→ **Requirement**:
Where a line below holds the string "segments", that line goes into the answer.

→ **Excerpted records**:
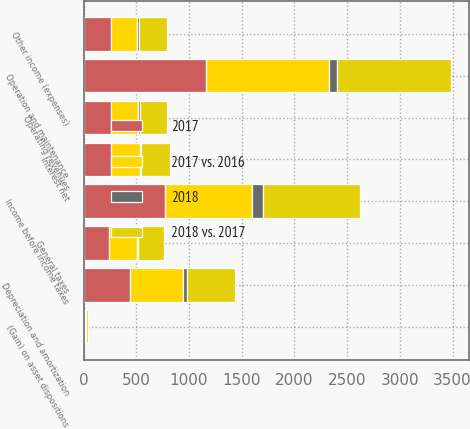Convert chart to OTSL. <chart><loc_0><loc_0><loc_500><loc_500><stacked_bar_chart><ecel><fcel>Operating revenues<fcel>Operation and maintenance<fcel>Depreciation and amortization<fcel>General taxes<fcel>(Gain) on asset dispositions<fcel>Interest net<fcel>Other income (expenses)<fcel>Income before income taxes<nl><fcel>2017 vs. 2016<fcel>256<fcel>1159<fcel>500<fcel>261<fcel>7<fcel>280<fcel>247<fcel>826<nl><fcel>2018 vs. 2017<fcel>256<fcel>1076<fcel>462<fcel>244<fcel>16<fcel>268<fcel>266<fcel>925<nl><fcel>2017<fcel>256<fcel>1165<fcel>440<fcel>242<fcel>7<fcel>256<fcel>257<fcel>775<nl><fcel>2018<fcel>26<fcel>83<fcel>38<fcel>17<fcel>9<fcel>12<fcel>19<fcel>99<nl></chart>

==

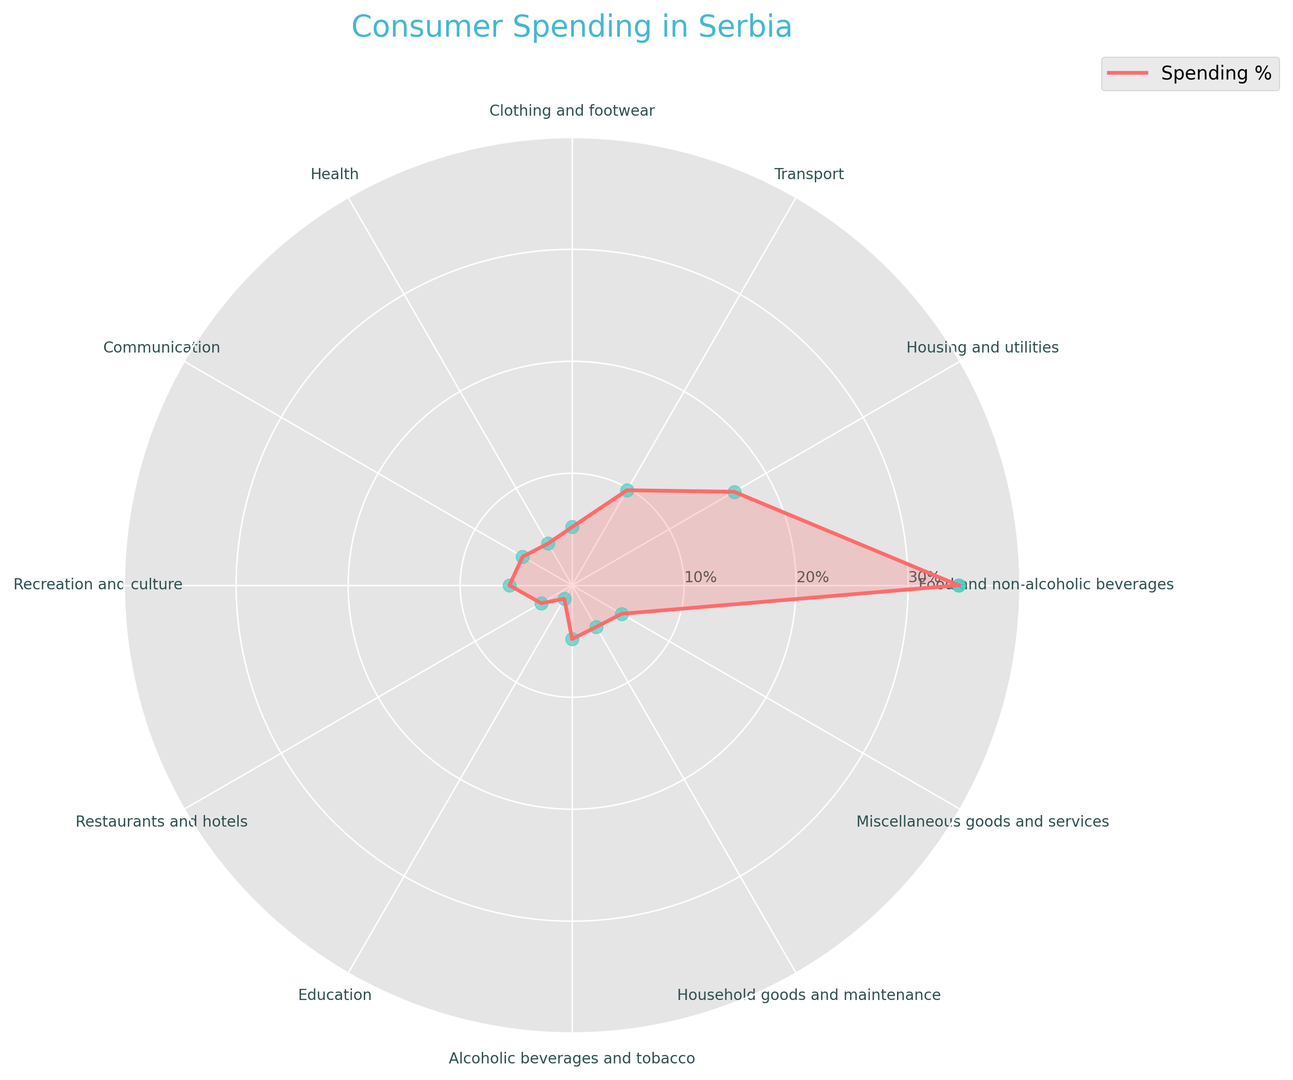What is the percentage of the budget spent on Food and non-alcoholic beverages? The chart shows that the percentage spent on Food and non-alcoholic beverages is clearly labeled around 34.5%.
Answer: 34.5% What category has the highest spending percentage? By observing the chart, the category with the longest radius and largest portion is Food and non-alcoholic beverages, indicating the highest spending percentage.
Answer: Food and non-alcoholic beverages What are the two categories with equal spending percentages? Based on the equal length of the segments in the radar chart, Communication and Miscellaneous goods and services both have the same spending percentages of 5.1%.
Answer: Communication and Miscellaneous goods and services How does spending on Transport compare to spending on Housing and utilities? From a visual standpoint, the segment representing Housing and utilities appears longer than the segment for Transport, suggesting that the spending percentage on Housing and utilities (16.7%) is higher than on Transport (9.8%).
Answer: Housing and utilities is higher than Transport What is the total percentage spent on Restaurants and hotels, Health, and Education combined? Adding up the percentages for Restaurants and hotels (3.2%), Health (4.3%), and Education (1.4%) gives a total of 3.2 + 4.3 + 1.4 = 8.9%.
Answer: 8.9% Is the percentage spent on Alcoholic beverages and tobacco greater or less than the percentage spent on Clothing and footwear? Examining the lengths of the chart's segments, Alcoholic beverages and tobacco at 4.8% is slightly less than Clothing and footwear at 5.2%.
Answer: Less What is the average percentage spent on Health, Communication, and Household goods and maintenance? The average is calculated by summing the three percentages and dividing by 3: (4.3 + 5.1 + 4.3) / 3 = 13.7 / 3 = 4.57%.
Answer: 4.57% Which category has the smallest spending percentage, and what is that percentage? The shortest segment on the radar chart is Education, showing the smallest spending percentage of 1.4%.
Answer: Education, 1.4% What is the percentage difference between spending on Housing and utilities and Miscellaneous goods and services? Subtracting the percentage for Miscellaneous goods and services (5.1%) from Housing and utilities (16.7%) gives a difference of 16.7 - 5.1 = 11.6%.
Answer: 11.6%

→ **Output of the exercise**:
Answer: Food and non-alcoholic beverages What are the two categories with equal spending percentages? Based on the equal length of the segments in the radar chart, Communication and Miscellaneous goods and services both have the same spending percentages of 5.1%.
Answer: 8.9% Is the percentage spent on Alcoholic beverages and tobacco greater or less than the percentage spent on Clothing and footwear? Examining the lengths of the chart's segments, Alcoholic beverages and tobacco at 4.8% is slightly less than Clothing and footwear at 5.2%.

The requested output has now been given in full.